Subsequently, several states declared war on Germany in late August 1914, with Italy declaring war on Germany in August 1916, the United States in April 1917, and Greece in July 1917.

==== Colonies and dependencies ====

=====Europe=====
The German Empire had incorporated the province of Alsace-Lorraine, after successfully defeating France in the Franco-Prussian War. However, the province was still claimed by French revanchists, leading to its return to France at the Treaty of Versailles.

=====Africa=====
The German Empire was late to colonization, only beginning overseas expansion in the 1870s and 1880s. Colonization was opposed by much of the government, including chancellor Otto von Bismarck, but it became a colonial power after participating in the Berlin Conference. Then, private companies were founded and began settling parts of Africa, the Pacific, and China. Later these groups became German protectorates and colonies.

Cameroon was a German colony existing from 1884 until its complete occupation in 1915. It was ceded to France as a League of Nations mandate at the war's end.

German East Africa was founded in 1885 and expanded to include modern-day Tanzania (except Zanzibar), Rwanda, Burundi, and parts of Mozambique. It was the only German colony to not be fully conquered during the war, with resistance by commander Paul von Lettow-Vorbeck lasting until November 1918. Later it was surrendered to the Allies in 1919 and split between the Belgian Congo, Portuguese Mozambique, and the newly founded colony of Tanganyika.

South West Africa, modern-day Namibia, came under German rule in 1885 and was made into a League of Nations mandate of South Africa following its invasion in 1915.

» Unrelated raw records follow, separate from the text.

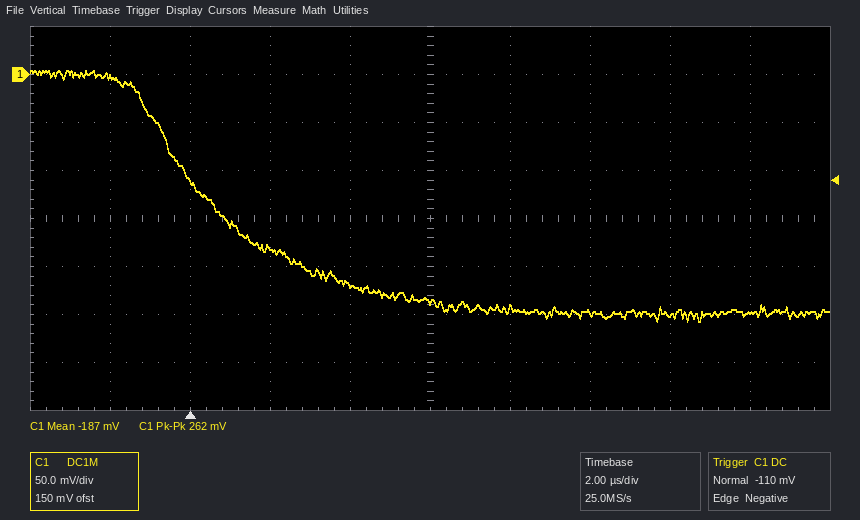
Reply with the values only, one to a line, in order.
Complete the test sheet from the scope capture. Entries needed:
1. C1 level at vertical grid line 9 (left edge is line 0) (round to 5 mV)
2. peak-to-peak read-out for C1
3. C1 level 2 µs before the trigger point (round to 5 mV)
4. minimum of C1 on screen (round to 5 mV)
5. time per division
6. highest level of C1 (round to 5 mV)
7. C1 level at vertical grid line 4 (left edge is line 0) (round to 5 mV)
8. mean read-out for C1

-250 mV
262 mV
0 mV
-255 mV
2 µs
5 mV
-220 mV
-187 mV
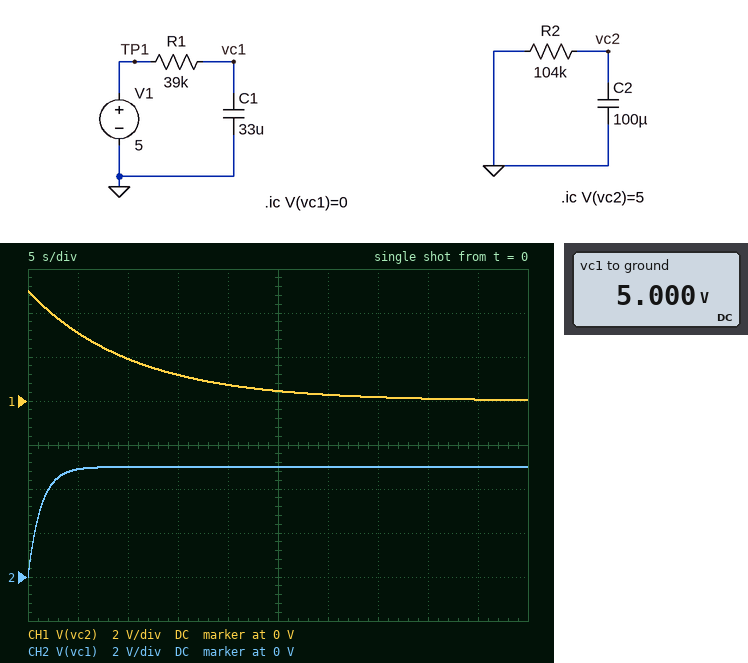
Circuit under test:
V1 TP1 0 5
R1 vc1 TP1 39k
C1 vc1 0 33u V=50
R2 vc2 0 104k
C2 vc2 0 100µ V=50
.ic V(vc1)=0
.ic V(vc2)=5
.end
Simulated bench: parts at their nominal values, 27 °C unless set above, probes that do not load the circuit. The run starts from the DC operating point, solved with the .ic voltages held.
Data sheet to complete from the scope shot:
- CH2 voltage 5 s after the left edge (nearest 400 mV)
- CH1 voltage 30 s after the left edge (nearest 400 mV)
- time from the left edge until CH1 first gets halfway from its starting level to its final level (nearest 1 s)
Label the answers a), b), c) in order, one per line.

a) 4.8 V
b) 400 mV
c) 7 s
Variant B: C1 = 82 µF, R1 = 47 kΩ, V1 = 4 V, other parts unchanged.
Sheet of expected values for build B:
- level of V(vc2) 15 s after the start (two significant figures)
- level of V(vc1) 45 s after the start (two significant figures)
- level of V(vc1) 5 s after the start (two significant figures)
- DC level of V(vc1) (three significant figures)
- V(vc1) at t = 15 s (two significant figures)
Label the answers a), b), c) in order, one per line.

a) 1.2 V
b) 4.0 V
c) 2.9 V
d) 4.00 V
e) 3.9 V
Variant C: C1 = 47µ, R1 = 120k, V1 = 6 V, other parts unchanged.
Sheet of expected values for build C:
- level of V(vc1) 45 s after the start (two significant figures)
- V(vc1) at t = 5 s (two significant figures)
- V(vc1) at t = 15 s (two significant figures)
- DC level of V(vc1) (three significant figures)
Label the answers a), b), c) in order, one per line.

a) 6.0 V
b) 3.5 V
c) 5.6 V
d) 6.00 V
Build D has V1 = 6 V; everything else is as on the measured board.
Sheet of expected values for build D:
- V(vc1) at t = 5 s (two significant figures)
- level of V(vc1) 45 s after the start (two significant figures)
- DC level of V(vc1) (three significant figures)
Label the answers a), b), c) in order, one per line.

a) 5.9 V
b) 6.0 V
c) 6.00 V
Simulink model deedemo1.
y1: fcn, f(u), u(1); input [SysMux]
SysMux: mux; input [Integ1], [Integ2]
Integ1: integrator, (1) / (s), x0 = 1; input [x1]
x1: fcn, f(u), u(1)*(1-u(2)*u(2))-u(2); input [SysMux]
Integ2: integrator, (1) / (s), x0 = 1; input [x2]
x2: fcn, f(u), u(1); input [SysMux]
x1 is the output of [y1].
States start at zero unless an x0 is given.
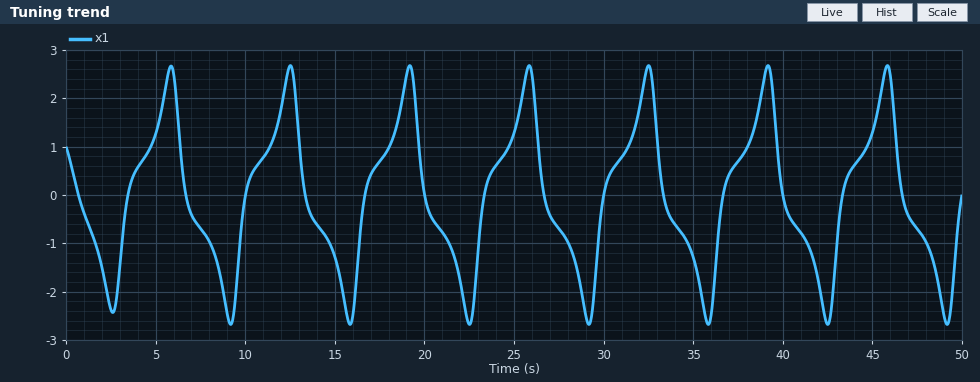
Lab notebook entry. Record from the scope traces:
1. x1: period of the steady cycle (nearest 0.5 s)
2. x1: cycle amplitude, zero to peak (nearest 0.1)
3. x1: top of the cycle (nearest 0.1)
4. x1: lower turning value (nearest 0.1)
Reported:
6.5 s
2.7
2.7
-2.7
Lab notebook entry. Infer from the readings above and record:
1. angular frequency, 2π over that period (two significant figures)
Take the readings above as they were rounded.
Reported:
0.97 rad/s
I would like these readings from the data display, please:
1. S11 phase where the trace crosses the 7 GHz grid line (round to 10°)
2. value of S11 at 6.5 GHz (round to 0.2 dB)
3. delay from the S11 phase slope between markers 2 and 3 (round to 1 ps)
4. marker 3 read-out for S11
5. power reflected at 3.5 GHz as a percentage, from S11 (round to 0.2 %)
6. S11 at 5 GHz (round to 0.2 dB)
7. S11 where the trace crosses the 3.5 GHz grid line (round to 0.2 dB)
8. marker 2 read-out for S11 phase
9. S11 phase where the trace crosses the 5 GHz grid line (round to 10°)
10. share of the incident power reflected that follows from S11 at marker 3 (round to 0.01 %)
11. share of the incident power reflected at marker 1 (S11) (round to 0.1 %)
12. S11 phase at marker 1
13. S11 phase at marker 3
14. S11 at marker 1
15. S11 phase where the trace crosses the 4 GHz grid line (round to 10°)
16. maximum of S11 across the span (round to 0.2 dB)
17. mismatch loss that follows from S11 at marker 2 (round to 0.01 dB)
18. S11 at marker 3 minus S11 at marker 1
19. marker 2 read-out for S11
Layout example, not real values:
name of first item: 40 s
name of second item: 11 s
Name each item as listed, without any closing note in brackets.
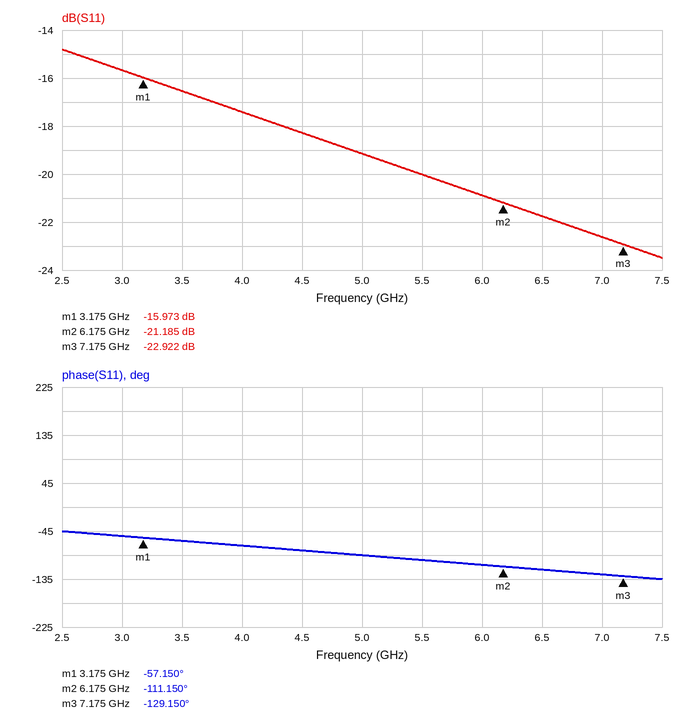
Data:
S11 phase where the trace crosses the 7 GHz grid line: -130°
value of S11 at 6.5 GHz: -21.8 dB
delay from the S11 phase slope between markers 2 and 3: 50 ps
marker 3 read-out for S11: -22.922 dB
power reflected at 3.5 GHz as a percentage, from S11: 2.2 %
S11 at 5 GHz: -19.2 dB
S11 where the trace crosses the 3.5 GHz grid line: -16.6 dB
marker 2 read-out for S11 phase: -111.150°
S11 phase where the trace crosses the 5 GHz grid line: -90°
share of the incident power reflected that follows from S11 at marker 3: 0.51 %
share of the incident power reflected at marker 1 (S11): 2.5 %
S11 phase at marker 1: -57.150°
S11 phase at marker 3: -129.150°
S11 at marker 1: -15.973 dB
S11 phase where the trace crosses the 4 GHz grid line: -70°
maximum of S11 across the span: -14.8 dB
mismatch loss that follows from S11 at marker 2: 0.03 dB
S11 at marker 3 minus S11 at marker 1: -6.949 dB
marker 2 read-out for S11: -21.185 dB
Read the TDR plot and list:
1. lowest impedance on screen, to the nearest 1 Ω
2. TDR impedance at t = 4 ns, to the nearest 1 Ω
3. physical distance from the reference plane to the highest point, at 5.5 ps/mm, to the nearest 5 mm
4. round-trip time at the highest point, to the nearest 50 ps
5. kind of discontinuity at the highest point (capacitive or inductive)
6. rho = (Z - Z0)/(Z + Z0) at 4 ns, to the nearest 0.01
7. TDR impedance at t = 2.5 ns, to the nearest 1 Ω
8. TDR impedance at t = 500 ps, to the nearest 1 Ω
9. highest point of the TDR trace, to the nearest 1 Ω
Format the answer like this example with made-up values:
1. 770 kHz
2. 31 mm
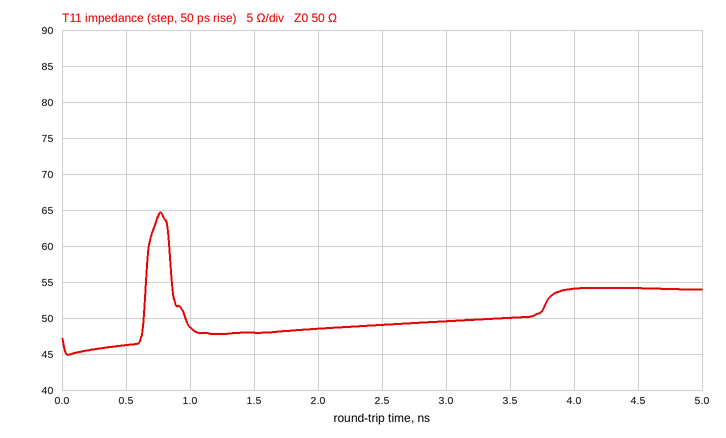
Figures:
1. 45 Ω
2. 54 Ω
3. 70 mm
4. 750 ps
5. inductive
6. +0.04
7. 49 Ω
8. 46 Ω
9. 65 Ω
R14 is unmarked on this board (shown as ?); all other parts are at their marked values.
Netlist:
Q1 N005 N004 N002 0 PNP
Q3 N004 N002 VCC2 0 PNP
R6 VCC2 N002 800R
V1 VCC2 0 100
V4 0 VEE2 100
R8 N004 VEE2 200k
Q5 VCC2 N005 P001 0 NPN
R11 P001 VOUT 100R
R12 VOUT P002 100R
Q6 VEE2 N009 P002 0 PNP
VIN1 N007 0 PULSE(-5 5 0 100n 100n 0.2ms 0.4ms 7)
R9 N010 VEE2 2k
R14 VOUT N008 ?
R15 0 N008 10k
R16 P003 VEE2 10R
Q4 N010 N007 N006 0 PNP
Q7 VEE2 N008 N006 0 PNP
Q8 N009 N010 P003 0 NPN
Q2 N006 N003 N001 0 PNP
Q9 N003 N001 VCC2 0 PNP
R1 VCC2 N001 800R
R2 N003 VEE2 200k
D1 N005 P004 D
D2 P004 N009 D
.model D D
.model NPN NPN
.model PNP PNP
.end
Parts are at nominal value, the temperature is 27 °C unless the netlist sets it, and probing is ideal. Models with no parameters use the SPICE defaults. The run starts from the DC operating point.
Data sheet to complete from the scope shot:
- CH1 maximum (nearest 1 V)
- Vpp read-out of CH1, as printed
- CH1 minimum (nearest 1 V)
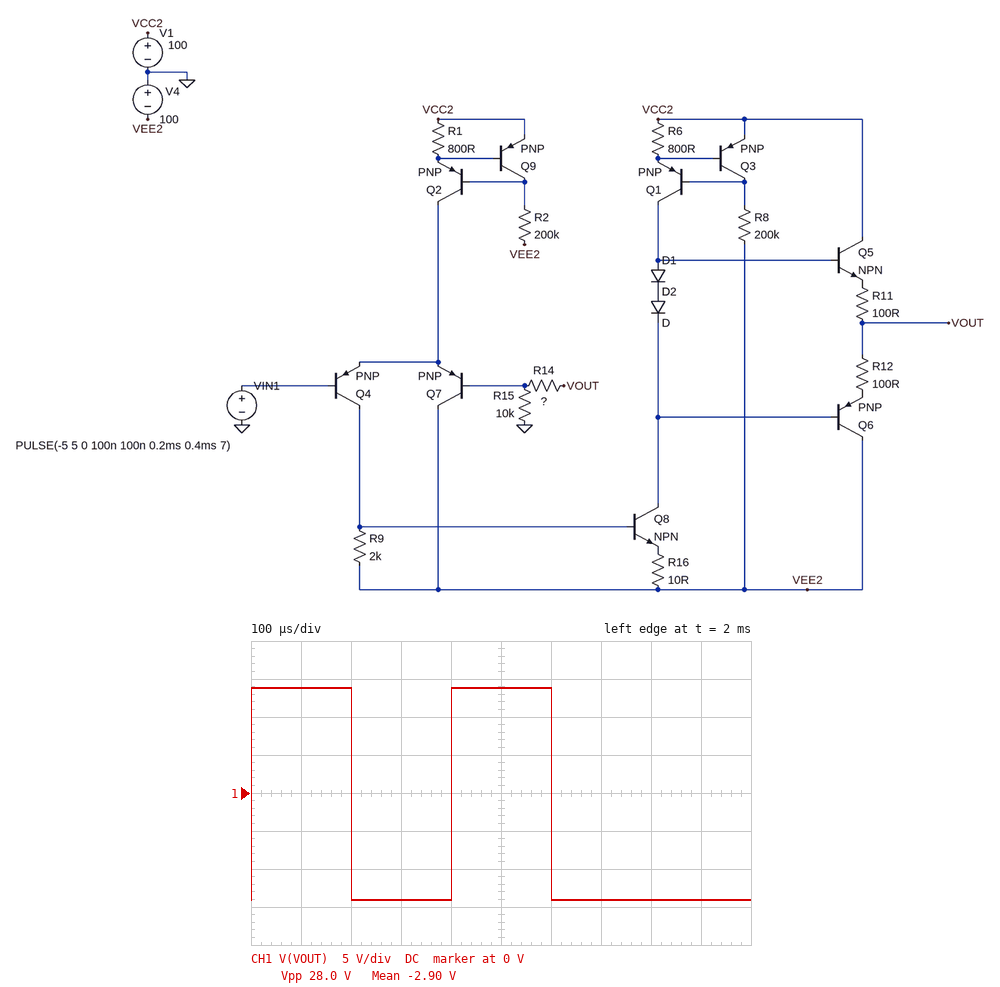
14 V
28.0 V
-14 V
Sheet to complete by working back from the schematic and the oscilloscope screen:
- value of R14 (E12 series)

18 kΩ
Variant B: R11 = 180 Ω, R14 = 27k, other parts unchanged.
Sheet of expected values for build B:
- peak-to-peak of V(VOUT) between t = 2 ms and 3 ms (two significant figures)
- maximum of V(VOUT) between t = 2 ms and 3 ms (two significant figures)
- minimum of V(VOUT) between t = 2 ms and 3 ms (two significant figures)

37 V
18 V
-19 V
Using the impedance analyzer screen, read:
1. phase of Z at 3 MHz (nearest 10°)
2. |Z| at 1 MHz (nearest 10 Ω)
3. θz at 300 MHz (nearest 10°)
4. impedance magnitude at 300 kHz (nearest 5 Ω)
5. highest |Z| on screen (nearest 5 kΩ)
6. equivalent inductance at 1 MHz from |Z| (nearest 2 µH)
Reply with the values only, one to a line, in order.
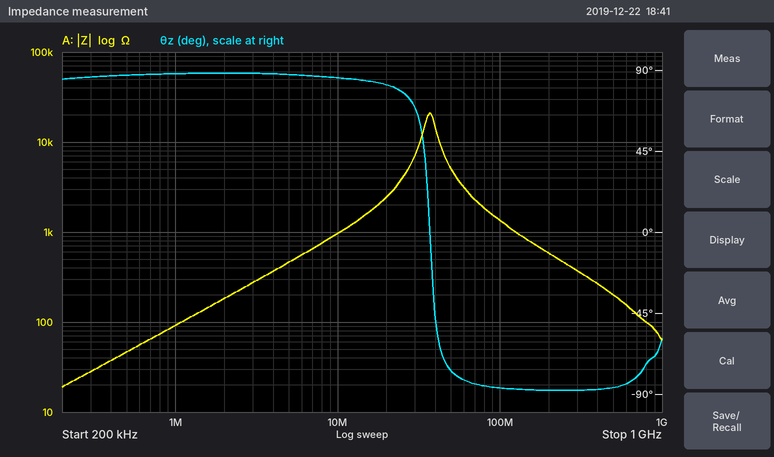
90°
90 Ω
-90°
30 Ω
20 kΩ
14 µH
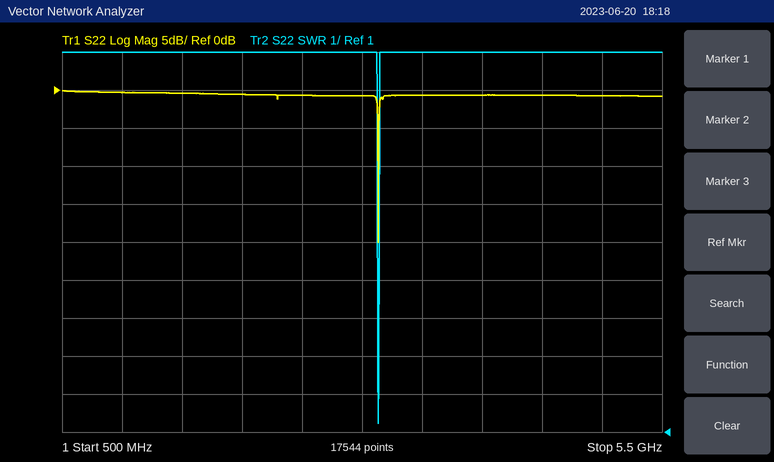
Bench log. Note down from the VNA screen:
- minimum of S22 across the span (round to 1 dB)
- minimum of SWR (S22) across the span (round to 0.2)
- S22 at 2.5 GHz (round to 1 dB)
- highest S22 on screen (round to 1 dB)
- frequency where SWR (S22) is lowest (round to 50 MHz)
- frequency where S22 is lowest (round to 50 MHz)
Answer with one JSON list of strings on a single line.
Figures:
["-20 dB", "1.2", "-1 dB", "0 dB", "3.15 GHz", "3.15 GHz"]
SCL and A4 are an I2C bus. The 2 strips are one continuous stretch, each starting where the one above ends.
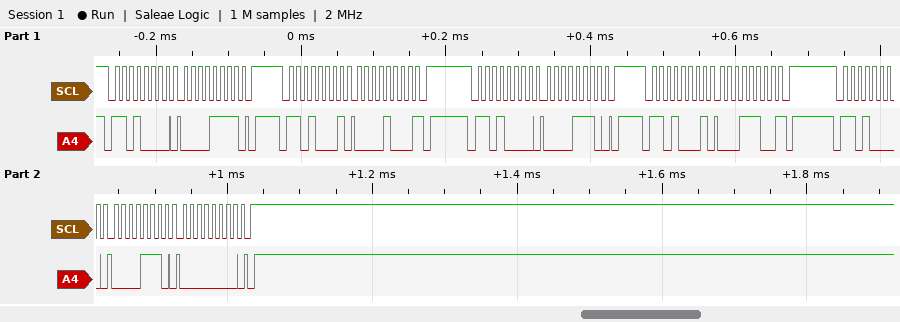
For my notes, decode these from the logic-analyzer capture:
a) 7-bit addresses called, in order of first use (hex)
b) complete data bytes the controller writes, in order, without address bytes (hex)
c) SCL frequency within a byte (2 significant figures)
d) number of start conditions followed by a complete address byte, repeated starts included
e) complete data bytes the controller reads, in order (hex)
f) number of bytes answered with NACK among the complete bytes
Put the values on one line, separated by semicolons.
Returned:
0x68; 0F 0E 0E 00; 100 kHz; 5; 08 1C; 2
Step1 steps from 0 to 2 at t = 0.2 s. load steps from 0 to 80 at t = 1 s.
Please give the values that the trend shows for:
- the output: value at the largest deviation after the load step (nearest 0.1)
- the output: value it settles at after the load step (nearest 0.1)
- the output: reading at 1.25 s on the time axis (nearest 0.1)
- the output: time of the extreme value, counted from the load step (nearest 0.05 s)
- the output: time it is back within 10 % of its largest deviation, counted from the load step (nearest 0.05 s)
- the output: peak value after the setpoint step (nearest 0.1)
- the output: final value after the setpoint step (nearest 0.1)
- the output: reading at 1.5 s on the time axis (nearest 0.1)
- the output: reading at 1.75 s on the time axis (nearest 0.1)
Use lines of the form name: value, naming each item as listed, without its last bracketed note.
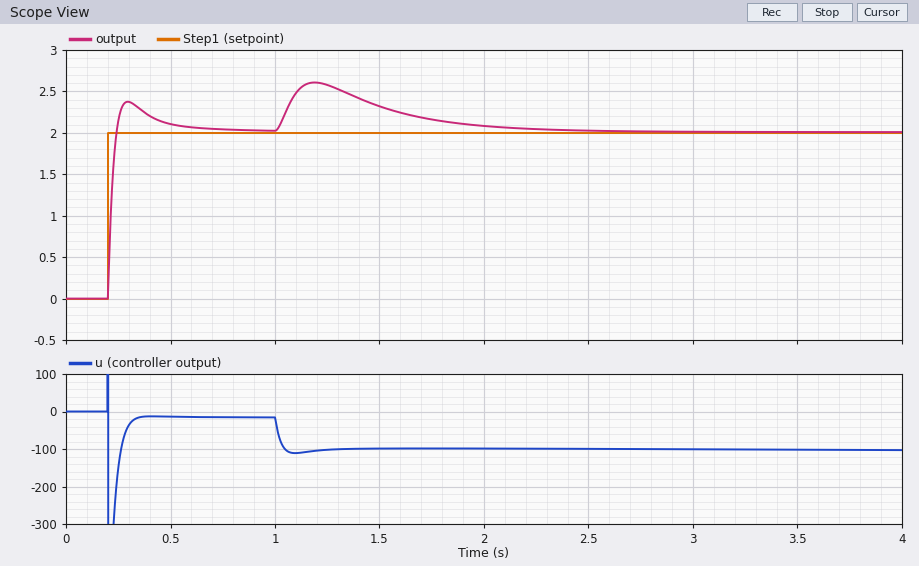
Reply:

Togoland, now part of Ghana, was made a German protectorate in 1884. However, after a swift campaign, it was occupied by the Allies in 1915 and divided between French Togoland and British Togoland.

=====Asia=====

The Jiaozhou Bay Leased Territory was a German dependency in East Asia leased from China in 1898. Japanese forces occupied it following the Siege of Tsingtao.

The Austro-Hungarian Empire had a foreign concession in Tianjin which was swiftly invaded by China in 1917. The German concessions in Tianjin and Hankou were also invaded.

=====Pacific=====

German New Guinea was a German protectorate in the Pacific. It was occupied by Australian forces in 1914.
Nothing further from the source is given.